_TASK PROMPT_. Among the entries below, one stretch runs from the line that contains "Provide a succinct answer. 0." through the line that contains "Can you accurately". Repeat that stretch exactly, ends included, and only that.

········

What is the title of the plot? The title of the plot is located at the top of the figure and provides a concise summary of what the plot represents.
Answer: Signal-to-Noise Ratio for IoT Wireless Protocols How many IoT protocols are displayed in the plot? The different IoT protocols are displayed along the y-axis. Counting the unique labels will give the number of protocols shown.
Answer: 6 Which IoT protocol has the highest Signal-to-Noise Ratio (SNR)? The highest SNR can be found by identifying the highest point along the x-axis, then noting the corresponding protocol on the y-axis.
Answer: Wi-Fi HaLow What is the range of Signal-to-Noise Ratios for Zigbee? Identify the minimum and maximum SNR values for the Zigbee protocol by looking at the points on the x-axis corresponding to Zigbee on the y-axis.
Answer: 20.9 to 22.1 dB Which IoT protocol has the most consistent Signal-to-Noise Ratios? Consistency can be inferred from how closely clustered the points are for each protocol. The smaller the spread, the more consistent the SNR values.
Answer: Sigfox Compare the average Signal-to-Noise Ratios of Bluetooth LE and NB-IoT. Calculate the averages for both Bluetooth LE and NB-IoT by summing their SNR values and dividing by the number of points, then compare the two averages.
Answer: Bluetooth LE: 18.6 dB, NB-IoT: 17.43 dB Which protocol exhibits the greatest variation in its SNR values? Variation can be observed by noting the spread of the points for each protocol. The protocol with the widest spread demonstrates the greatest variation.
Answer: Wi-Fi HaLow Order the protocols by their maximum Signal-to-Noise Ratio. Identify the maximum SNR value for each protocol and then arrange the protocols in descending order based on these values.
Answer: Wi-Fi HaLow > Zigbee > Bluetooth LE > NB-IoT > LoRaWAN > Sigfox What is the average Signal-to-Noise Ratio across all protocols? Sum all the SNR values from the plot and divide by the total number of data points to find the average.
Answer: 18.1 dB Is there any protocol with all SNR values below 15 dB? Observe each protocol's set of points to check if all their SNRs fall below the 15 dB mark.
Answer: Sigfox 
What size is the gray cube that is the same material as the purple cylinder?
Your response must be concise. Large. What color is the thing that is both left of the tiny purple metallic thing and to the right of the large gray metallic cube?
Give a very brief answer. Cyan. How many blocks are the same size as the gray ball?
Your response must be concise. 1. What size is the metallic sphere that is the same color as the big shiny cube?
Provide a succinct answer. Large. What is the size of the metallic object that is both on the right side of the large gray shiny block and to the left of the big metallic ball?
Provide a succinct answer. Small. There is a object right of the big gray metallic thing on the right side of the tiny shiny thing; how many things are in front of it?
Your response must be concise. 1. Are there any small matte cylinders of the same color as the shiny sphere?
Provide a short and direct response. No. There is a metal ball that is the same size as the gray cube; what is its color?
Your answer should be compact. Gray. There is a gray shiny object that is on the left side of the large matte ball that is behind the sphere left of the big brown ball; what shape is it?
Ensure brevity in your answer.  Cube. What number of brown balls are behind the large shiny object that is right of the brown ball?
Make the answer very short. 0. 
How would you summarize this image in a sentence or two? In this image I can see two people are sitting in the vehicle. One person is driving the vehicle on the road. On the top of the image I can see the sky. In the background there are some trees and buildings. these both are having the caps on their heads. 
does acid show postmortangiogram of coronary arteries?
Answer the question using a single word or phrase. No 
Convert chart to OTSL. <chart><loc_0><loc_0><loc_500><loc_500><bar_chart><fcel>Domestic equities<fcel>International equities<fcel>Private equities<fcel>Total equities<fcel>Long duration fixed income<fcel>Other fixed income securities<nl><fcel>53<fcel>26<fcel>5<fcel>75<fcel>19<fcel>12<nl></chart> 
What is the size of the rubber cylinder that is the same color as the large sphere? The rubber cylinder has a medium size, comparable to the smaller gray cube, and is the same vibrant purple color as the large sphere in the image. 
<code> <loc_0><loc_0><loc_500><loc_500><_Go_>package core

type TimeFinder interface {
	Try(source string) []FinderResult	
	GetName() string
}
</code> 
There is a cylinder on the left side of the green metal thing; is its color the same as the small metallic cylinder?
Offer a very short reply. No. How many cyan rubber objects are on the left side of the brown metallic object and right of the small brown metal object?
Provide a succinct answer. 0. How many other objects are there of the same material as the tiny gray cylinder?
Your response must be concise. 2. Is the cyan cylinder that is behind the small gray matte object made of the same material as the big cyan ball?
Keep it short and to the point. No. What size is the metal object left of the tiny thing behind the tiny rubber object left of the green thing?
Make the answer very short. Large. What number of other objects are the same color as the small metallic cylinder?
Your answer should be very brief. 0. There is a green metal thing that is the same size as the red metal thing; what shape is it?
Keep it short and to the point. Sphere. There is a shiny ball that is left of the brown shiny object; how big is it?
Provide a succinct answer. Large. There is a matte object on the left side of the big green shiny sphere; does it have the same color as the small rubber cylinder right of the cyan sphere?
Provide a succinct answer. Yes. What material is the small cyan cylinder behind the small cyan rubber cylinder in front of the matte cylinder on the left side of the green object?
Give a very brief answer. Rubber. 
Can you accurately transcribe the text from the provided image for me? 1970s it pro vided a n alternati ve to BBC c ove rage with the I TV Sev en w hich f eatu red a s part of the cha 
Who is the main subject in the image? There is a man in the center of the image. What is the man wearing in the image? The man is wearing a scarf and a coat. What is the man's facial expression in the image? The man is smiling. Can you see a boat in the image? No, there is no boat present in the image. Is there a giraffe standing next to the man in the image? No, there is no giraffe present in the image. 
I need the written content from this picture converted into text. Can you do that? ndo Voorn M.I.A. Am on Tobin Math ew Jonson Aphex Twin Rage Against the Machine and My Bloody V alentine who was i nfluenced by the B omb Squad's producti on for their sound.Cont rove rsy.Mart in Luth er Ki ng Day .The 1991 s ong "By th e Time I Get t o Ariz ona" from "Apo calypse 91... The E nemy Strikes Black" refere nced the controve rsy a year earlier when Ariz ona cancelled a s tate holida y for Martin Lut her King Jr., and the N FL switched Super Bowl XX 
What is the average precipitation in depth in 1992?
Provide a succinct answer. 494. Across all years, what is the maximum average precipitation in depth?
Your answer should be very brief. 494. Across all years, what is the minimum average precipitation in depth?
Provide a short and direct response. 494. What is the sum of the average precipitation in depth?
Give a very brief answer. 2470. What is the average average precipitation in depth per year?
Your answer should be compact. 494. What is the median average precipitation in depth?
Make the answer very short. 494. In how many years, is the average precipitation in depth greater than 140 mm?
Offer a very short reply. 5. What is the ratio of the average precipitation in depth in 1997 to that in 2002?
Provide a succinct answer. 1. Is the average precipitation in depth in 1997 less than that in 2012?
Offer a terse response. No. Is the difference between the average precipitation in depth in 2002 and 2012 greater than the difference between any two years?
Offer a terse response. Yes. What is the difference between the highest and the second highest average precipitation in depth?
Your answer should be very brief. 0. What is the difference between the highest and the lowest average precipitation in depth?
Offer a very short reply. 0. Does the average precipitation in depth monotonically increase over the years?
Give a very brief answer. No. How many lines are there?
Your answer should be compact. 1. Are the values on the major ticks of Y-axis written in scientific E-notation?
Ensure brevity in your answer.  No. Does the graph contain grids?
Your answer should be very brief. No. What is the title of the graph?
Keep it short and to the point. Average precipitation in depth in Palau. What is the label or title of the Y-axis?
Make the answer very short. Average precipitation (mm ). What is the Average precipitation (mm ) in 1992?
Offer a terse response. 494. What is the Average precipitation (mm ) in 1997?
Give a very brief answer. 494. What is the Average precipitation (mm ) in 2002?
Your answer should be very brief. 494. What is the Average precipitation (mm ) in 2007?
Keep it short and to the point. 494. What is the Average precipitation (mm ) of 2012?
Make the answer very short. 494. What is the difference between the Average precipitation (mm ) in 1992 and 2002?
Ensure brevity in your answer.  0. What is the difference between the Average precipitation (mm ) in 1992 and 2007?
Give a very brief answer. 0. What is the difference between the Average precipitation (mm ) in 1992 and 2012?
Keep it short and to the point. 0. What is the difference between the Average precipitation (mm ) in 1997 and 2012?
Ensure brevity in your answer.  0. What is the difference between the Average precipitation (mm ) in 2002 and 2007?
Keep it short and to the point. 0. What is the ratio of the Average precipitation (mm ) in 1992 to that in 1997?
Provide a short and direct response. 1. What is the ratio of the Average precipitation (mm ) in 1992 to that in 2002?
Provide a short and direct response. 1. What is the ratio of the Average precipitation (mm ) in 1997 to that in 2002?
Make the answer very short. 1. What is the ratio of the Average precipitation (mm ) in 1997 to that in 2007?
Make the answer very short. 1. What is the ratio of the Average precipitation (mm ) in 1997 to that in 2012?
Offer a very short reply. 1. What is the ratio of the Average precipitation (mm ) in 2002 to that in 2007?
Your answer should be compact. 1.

········

_WRITTEN SOLUTION_.
Provide a succinct answer. 0. How many other objects are there of the same material as the tiny gray cylinder?
Your response must be concise. 2. Is the cyan cylinder that is behind the small gray matte object made of the same material as the big cyan ball?
Keep it short and to the point. No. What size is the metal object left of the tiny thing behind the tiny rubber object left of the green thing?
Make the answer very short. Large. What number of other objects are the same color as the small metallic cylinder?
Your answer should be very brief. 0. There is a green metal thing that is the same size as the red metal thing; what shape is it?
Keep it short and to the point. Sphere. There is a shiny ball that is left of the brown shiny object; how big is it?
Provide a succinct answer. Large. There is a matte object on the left side of the big green shiny sphere; does it have the same color as the small rubber cylinder right of the cyan sphere?
Provide a succinct answer. Yes. What material is the small cyan cylinder behind the small cyan rubber cylinder in front of the matte cylinder on the left side of the green object?
Give a very brief answer. Rubber. 
Can you accurately transcribe the text from the provided image for me? 1970s it pro vided a n alternati ve to BBC c ove rage with the I TV Sev en w hich f eatu red a s part of the cha 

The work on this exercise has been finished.